The challenge here is to create a platform in which high-quality and accurate information can be accessed by professionals and the public to avoid rumor-mongering and the spread of fake information in a crisis. This is where the digital component of the FOIP and BRI could easily find space to cohabit. Through the creation of a shared platform that is governed by an international board, real-time information on a crisis and the local and international response to that crisis could be gathered, checked for accuracy and translated for dissemination to stakeholders.
Some would argue that the Chinese political system would be challenged by this kind of transparency and accountability. To be fair, so would many emerging states in the region. Notwithstanding, the China-founded Asia Infrastructure and Investment Bank is an example of how China accepted the internationalization of the AIIB’s governance, resulting in a strong track record of good governance.
A similar model is at least imaginable based on the AIIB. It would garner buy-in from most states in the region as transnational diseases, natural disasters and other crises don’t stay in the country of origin long, and as we have seen with COVID-19, supply chains that fuel the economic growth, prosperity and stability of this region can be easily disrupted in the advent of a “black swan” event like the current viral outbreak.
Post-crisis, an Indo-Pacific emergency response initiative would have an important role in assessing the damage associated with an outbreak as well as in picking up the pieces of shattered economies, exhausted health care systems and frightened citizens still wary of a crisis.

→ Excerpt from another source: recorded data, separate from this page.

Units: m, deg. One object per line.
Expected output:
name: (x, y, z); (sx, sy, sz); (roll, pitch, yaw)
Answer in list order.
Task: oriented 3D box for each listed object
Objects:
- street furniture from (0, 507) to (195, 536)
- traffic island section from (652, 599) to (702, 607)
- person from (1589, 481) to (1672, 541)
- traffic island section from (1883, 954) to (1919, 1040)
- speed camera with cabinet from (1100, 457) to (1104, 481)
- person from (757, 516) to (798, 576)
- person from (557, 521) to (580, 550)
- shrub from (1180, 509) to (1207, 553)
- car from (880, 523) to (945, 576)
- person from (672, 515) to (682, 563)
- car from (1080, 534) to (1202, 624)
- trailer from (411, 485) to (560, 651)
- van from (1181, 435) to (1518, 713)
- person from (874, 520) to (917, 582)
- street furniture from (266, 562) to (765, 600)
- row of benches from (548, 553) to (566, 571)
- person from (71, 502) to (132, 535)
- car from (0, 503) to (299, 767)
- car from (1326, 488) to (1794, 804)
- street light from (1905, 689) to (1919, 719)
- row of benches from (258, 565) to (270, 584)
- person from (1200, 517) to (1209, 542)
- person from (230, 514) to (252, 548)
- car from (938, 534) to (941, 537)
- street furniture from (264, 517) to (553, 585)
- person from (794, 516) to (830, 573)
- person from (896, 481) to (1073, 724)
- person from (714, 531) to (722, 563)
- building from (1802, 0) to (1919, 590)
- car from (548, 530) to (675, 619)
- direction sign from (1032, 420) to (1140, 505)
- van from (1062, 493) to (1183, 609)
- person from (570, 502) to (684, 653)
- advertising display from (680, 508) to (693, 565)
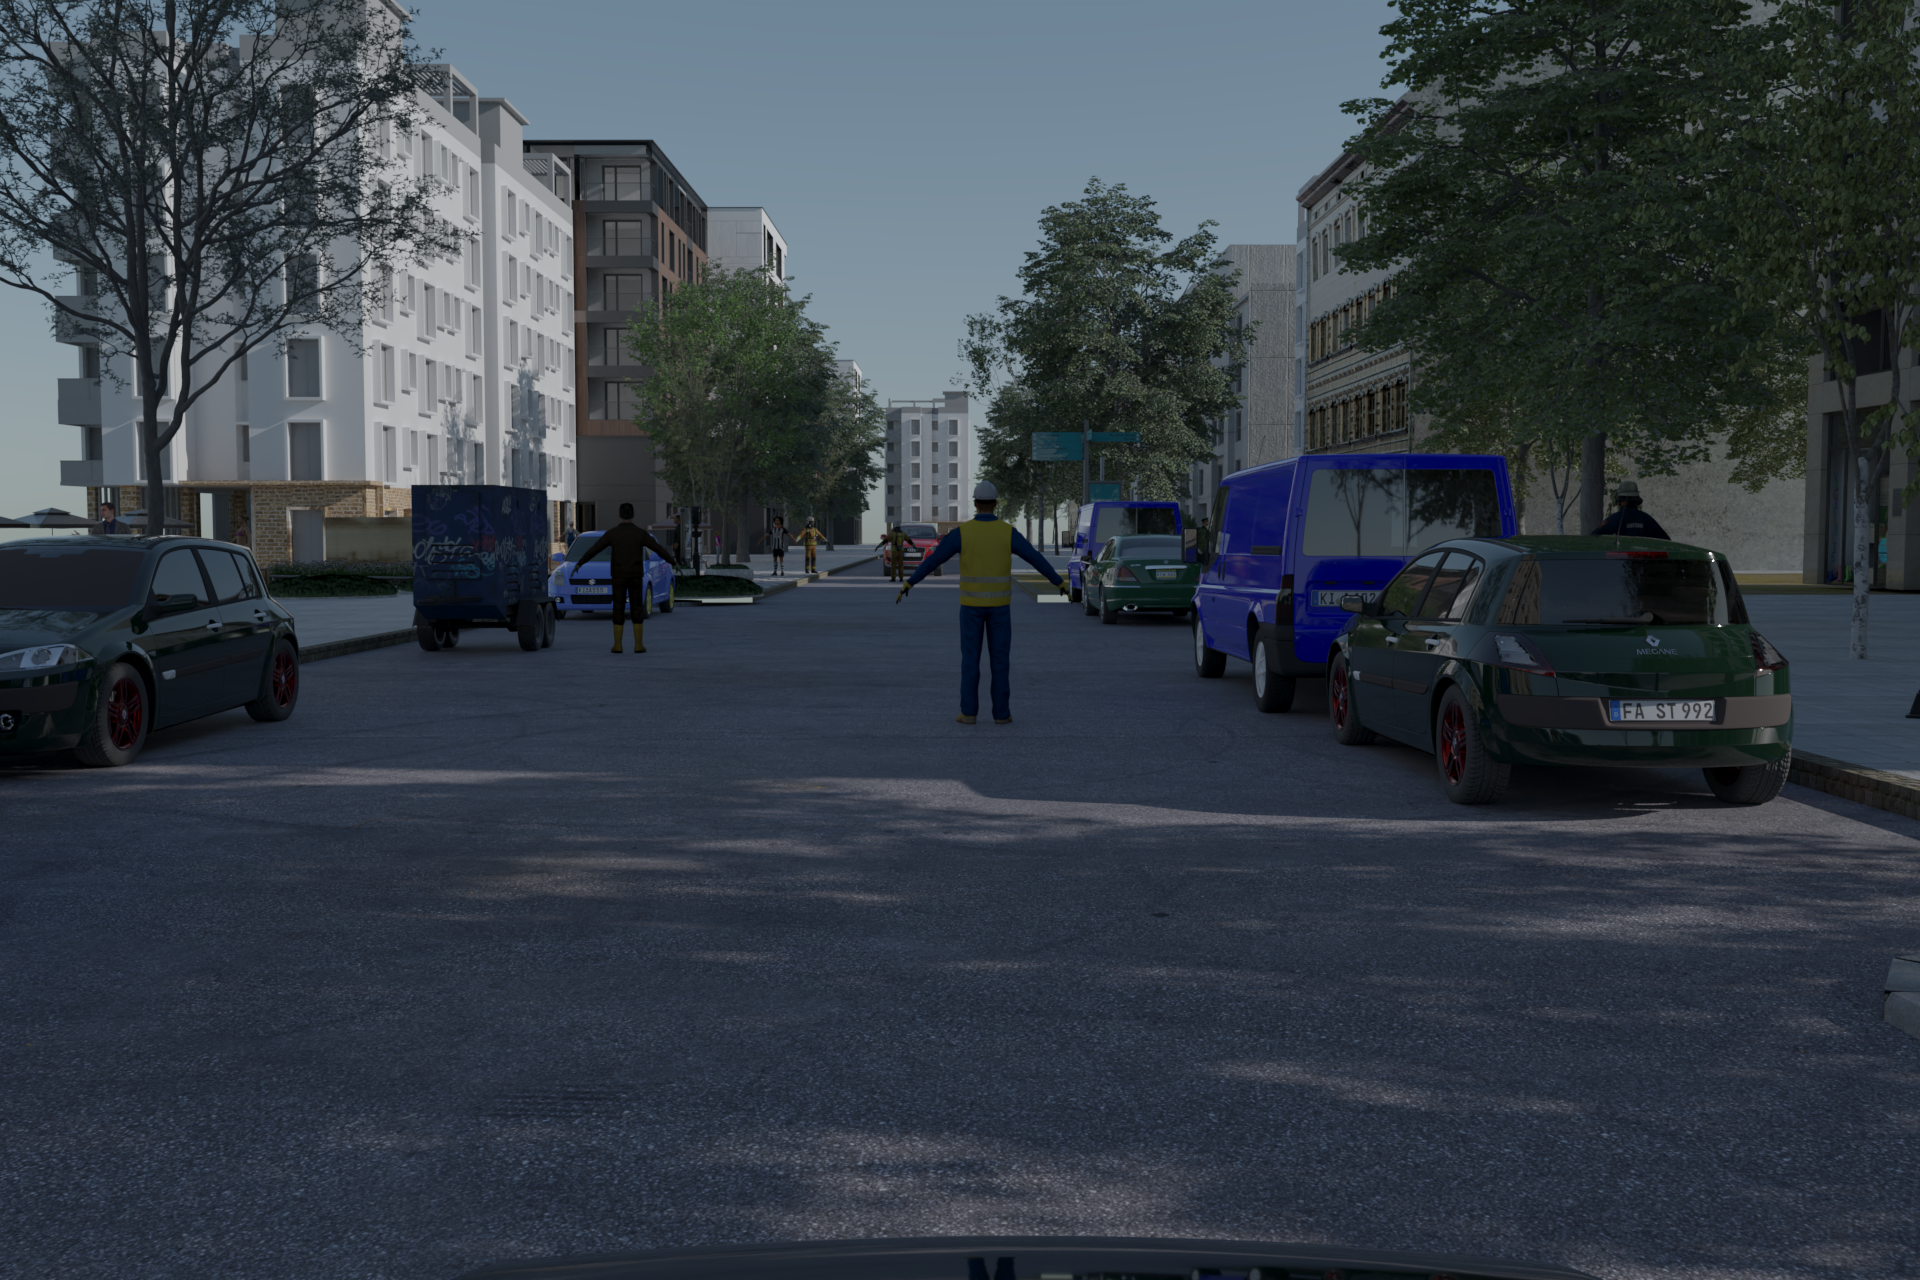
street furniture: (-27.733, -2.273, 42.198); (14.083, 1.986, 27.439); (0, 4, -1)
traffic island section: (-6.236, -0.729, 34.785); (1.991, 0.108, 1.994); (0, 4, -1)
person: (7.081, -0.769, 18.443); (1.351, 1.845, 0.704); (0, 4, -7)
traffic island section: (3.708, 1.111, 4.702); (1.991, 0.108, 1.994); (0, 4, 0)
speed camera with cabinet: (3.860, -3.025, 43.800); (0.660, 3.252, 2.038); (0, 4, -2)
person: (-5.591, -2.879, 53.212); (1.345, 1.843, 0.704); (1, 4, 16)
person: (-16.807, -4.230, 75.012); (1.347, 1.847, 0.705); (0, 4, 6)
shrub: (6.560, -2.909, 51.606); (1.661, 2.075, 1.752); (0, 3, 0)
car: (-1.619, -3.167, 60.456); (2.281, 1.827, 5.304); (0, 4, -1)
person: (-7.686, -2.501, 47.120); (0.704, 1.802, 1.346); (-1, 4, -12)
car: (3.128, -1.052, 28.992); (2.131, 1.459, 4.920); (0, 4, -1)
trailer: (-5.865, -0.840, 20.783); (1.471, 1.999, 3.904); (0, 4, 0)
van: (3.320, -0.682, 15.542); (2.240, 2.365, 5.245); (0, 4, -2)
person: (-1.898, -2.677, 51.997); (1.354, 1.858, 0.705); (-1, 4, -21)
street furniture: (-9.039, -1.281, 36.577); (10.072, 0.657, 5.734); (0, 4, 2)
row of benches: (-13.022, -2.427, 55.149); (1.422, 0.672, 4.104); (-2, 4, -27)
person: (-12.696, -1.170, 25.699); (0.617, 1.759, 0.750); (1, 4, 9)
car: (-6.008, -0.129, 11.891); (2.009, 1.686, 4.222); (0, 4, 0)
car: (3.441, -0.048, 10.576); (2.009, 1.686, 4.222); (0, 4, -1)
street light: (7.314, -2.409, 11.925); (1.470, 5.913, 1.316); (0, 4, 0)
row of benches: (-16.552, -1.329, 37.197); (4.104, 0.672, 1.422); (2, 4, 27)
person: (8.162, -3.155, 57.513); (0.705, 1.837, 1.347); (1, 4, 17)
person: (-16.547, -2.016, 39.770); (0.721, 1.733, 1.217); (-3, 5, -44)
car: (-1.809, -7.669, 137.183); (2.131, 1.459, 4.920); (0, 4, -1)
street furniture: (-15.233, -2.420, 46.420); (9.812, 1.723, 11.010); (2, 4, 23)
person: (-4.865, -3.100, 56.448); (1.354, 1.858, 0.705); (-3, 4, -36)
person: (0.190, -0.287, 13.126); (1.349, 1.833, 0.705); (0, 4, -2)
person: (-10.155, -3.909, 73.175); (0.599, 1.433, 0.991); (0, 4, -1)
building: (29.749, -13.478, 23.562); (19.350, 26.588, 34.151); (0, 4, 0)
car: (-6.077, -1.268, 30.318); (1.945, 1.707, 3.694); (0, 4, 0)
direction sign: (2.964, -3.133, 39.986); (2.525, 3.948, 1.411); (0, 4, -1)
van: (3.256, -1.849, 34.607); (2.240, 2.365, 5.245); (0, 4, -1)
person: (-4.009, -0.751, 20.874); (1.346, 1.812, 0.704); (-1, 4, -10)
advertising display: (-6.806, -2.317, 43.104); (0.123, 1.923, 0.974); (0, 4, 1)

Here, an Indo-Pacific emergency response initiative could also have a role in liaising with regional and international organizations such as the World Health Organization, the Association of Southeast Asian Nations, the Partnership on Sustainable Connectivity and Quality Infrastructure between the European Union and Japan, the Trilateral Infrastructure Partnership between Japan, the U.S. and Australia, and the BRI such that they could use their collective capacities and capabilities to rebuild areas most effected by a transnational disease or natural disaster.
While the COVID-19 outbreak in China has been heart-breaking to watch unfold, there is opportunity in this crisis to build an institution that serves the Indo-Pacific region. An Indo-Pacific emergency response initiative just might be the institution to inculcate more stability into the region. It could be a platform to effectively manage the inevitable but unpredictable shocks to the Indo-Pacific that will occur in the coming decades.
Importantly, this proposed initiative is a political space within the Indo-Pacific that policymakers could use to build cooperation and trust between stakeholders in the region.
Transnational diseases and other forms of nontraditional security issues are a place where the FOIP and the BRI can find convergence.
Japan and China should use their signature initiatives to embody the essence of the Chinese proverb “it often requires more than one person to resolve problems” and establish an Indo-Pacific emergency response initiative to decrease the chances that another tragedy like COVID-19 will derail the prosperity and stability of the Indo-Pacific region.